Encuesta con curiosos podios
César B. López Meyer

Según se ha publicado, D’Alessio IROL-Berensztein realizaron en junio un sondeo nacional en el que midieron a una veintena de destacados políticos candidatos en las elecciones del 2019, elaborando un cuadro comparativo de imagen positiva y negativa y de la diferencia entre ambas.
En la encuesta, que se califica de “incómoda”, también midieron a Facundo Manes y Hugo Moyano, a quienes mencionan porque están en los extremos de los resultados. Así que cabe acomodarlos en los podios de los tres más destacados en cada columna.
En el podio del diferencial subieron: primero Manes con +19, seguido por Vidal con +1 y Perotti, -3.
El podio de imagen positiva lo encabezó Vidal con 48, secundada por Manes con 46 y Larreta, 42.
Piadosamente la publicación no los ordena por imagen negativa, aunque obviamente los consigna para mostrar el diferencial. Al tope de ese podio negativo va Moyano con 77, lo sigue Massa con 71 y comparten el tercer lugar CFK y Urtubey con 59.
En este “cuadro invertido” cabría señalar que la mala imagen tiende a “compensarse” con los puntos de la buena, y así en el diferencial quedarían Moyano con -65, Massa con -55 y Urtubey -32.
También se podría realizar la apreciación desde el extremo más positivo de las imágenes negativas menos malas, y así subirían Manes 27, Perotti 29, Lemmens 39.
Los podios se modifican si se excluyen a Manes y Moyano, en cuyo caso se subirían otros personajes, por ejemplo Schiaretti, entre los primeros del diferencial de menor imagen negativa, y Donda, entre los del diferencial de mayor imagen negativa.
Curiosamente, salvo CFK, Massa y Urtubey que suben al podio de imagen negativa, en estos podios no figuran los que pretenden o pretendieron integrar algunos de los binomios de fórmula presidencial.
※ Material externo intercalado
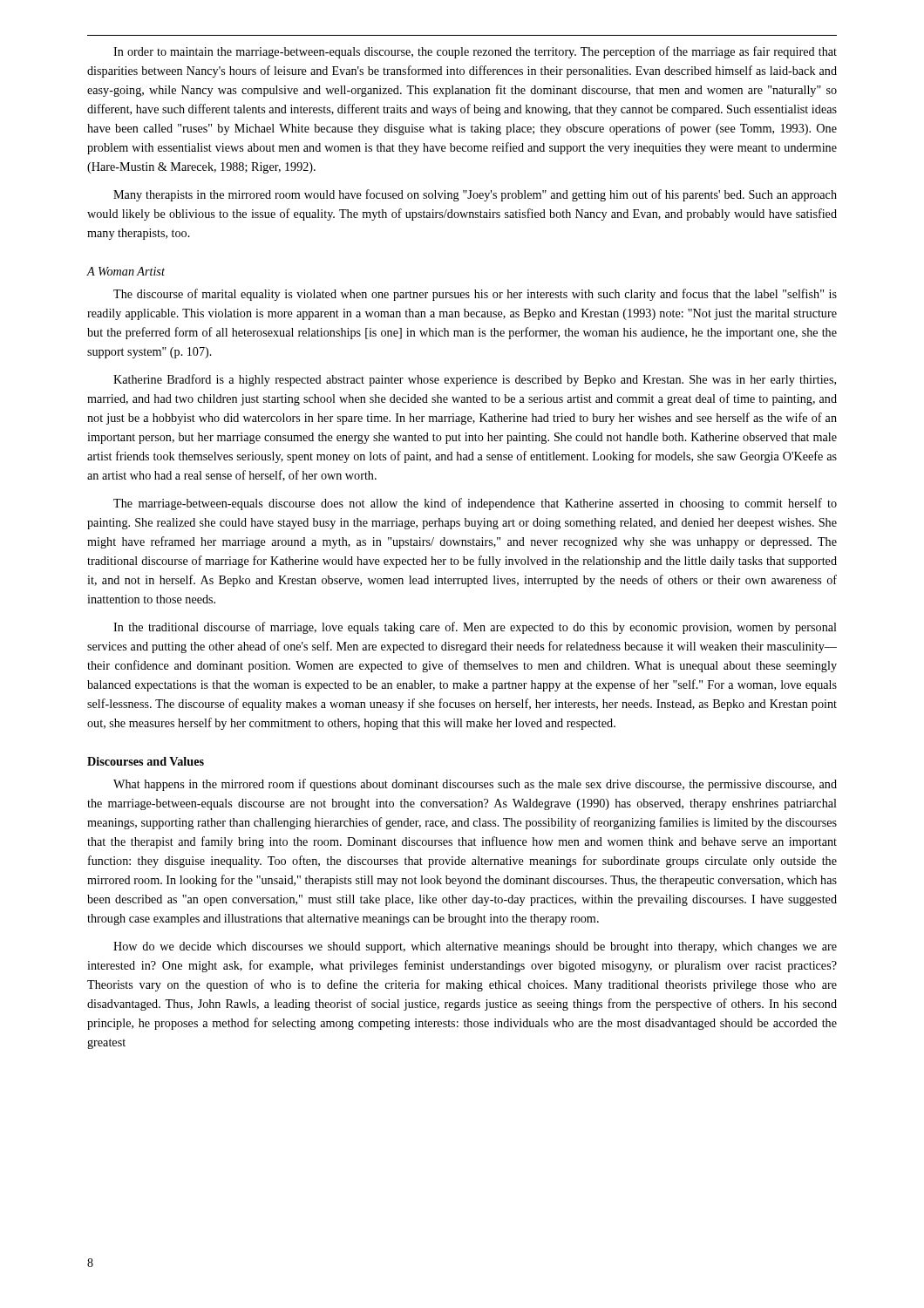The image size is (924, 1308).
Task: Locate the text block that says "In order to maintain the marriage-between-equals discourse,"
Action: click(x=462, y=109)
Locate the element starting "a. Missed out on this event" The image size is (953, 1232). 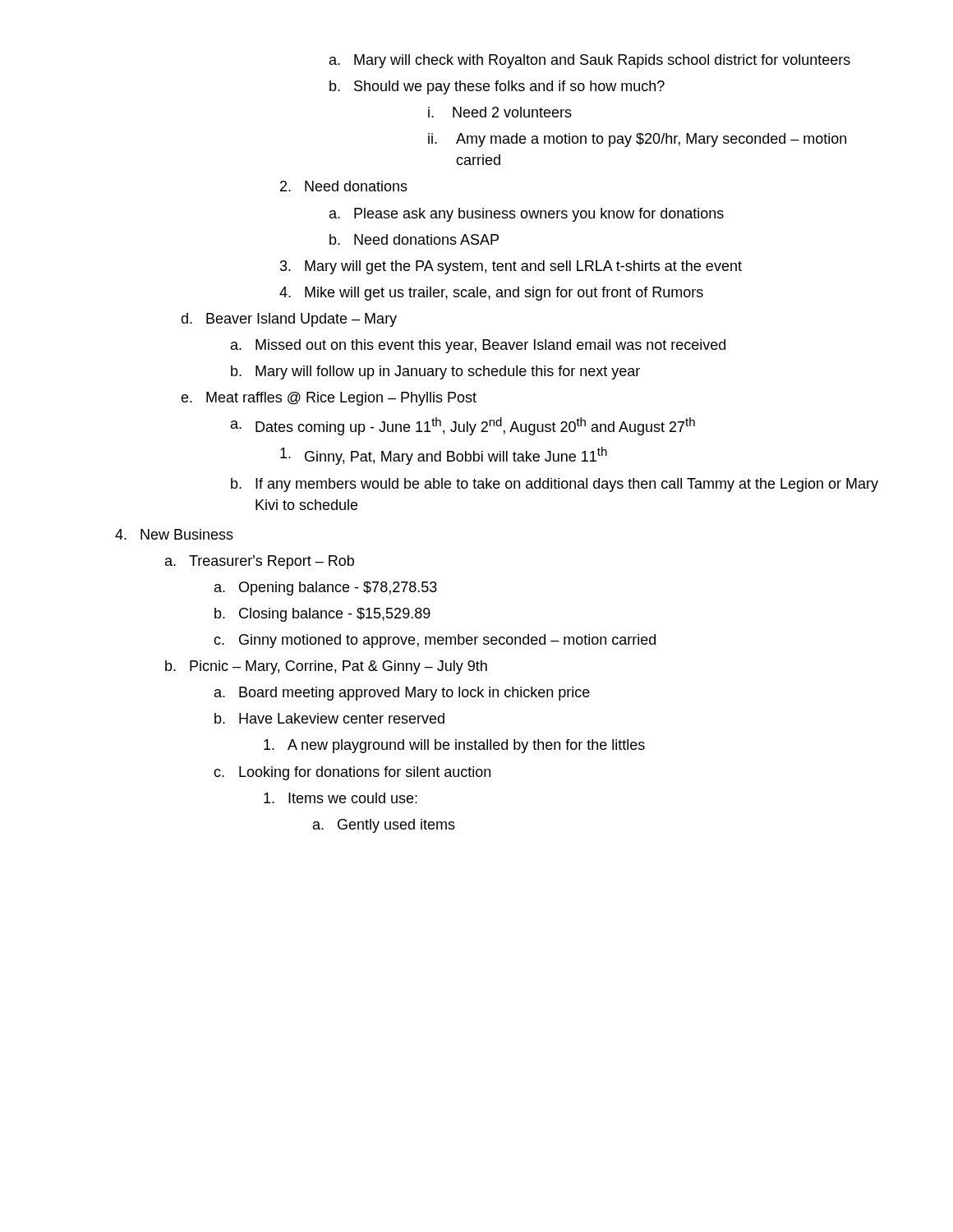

Veleidades de la opinión pública tal vez que hoy entroniza y mañana entierra. Será porque, como decía Jacinto Benavente, en “los intereses creados” el crédito es fama, la fama es ilusión y ésta, pompa de jabón.
Apreciaciones
Leí un cuento que, aunque se le puede endilgar sesgo machista, expone con simpleza cuán relativas pueden ser las distintas apreciaciones que se tienen de la realidad. Lo sintetizo con más inquietud que gracejo:
Hablan dos amigas. La amiga 1 dice: “Anoche con mi marido fue un fiasco. Lo esperé con la cena servida, comió en 2 minutos, fuimos a la cama, solo duró 2 minutos y se durmió”. La amiga 2 dice: “Yo la pasé de película, mi marido estuvo muy romántico, me llevó a cenar afuera, encendió velas al volver a casa, tuvimos 1 hora de previa en el living, 1 hora de acción en la cama y luego nos quedamos hablando 1 hora más”.
En la oficina conversan los maridos. El amigo 1 dice: “Anoche me fue muy bien, llegué a casa cansado, pero la cena estaba lista, comí enseguida, me acosté al toque con mi mujer, hicimos un rapidito y me dormí como un tronco”. El amigo 2 dice: “Para mí fue un plomo. Cuando llegué no había luz, tuve llevar a mi mujer a cenar. No me quedó un peso para el taxi, y volvimos caminando. Tuve que encender velas, ella se puso romántica, la pastilla celeste tardó 1 hora en hacer efecto, después me desvelé y tuve que escucharla hablar 1 hora más”.
Moraleja: obviamente las apreciaciones dependen del interés del observador y del color de la lente con que se mire.
Será que como dijo el poeta, nunca es triste la verdad, lo que no tiene es remedio.
Mientras tanto, otras encuestas nos señalan que los encuestados son capaces de enumerar muchos jugadores de fútbol pero casi ningún ministro actual, que muchos no saben cuánto es el 10% de 100, que demasiados piensan que poniendo semáforos en las cabeceras de las pistas de Ezeiza se evitarían accidentes aéreos… y así estamos.
Curiosos podios, curiosas encuestas. Curiosa vigencia de otro poeta que describió el siglo XX cambalache. Bien enfatizó con solvencia Kovadloff en un reciente programa televisivo la necesidad de mejorar la educación… una conclusión básica para lograr adecuadas decisiones del pueblo soberano.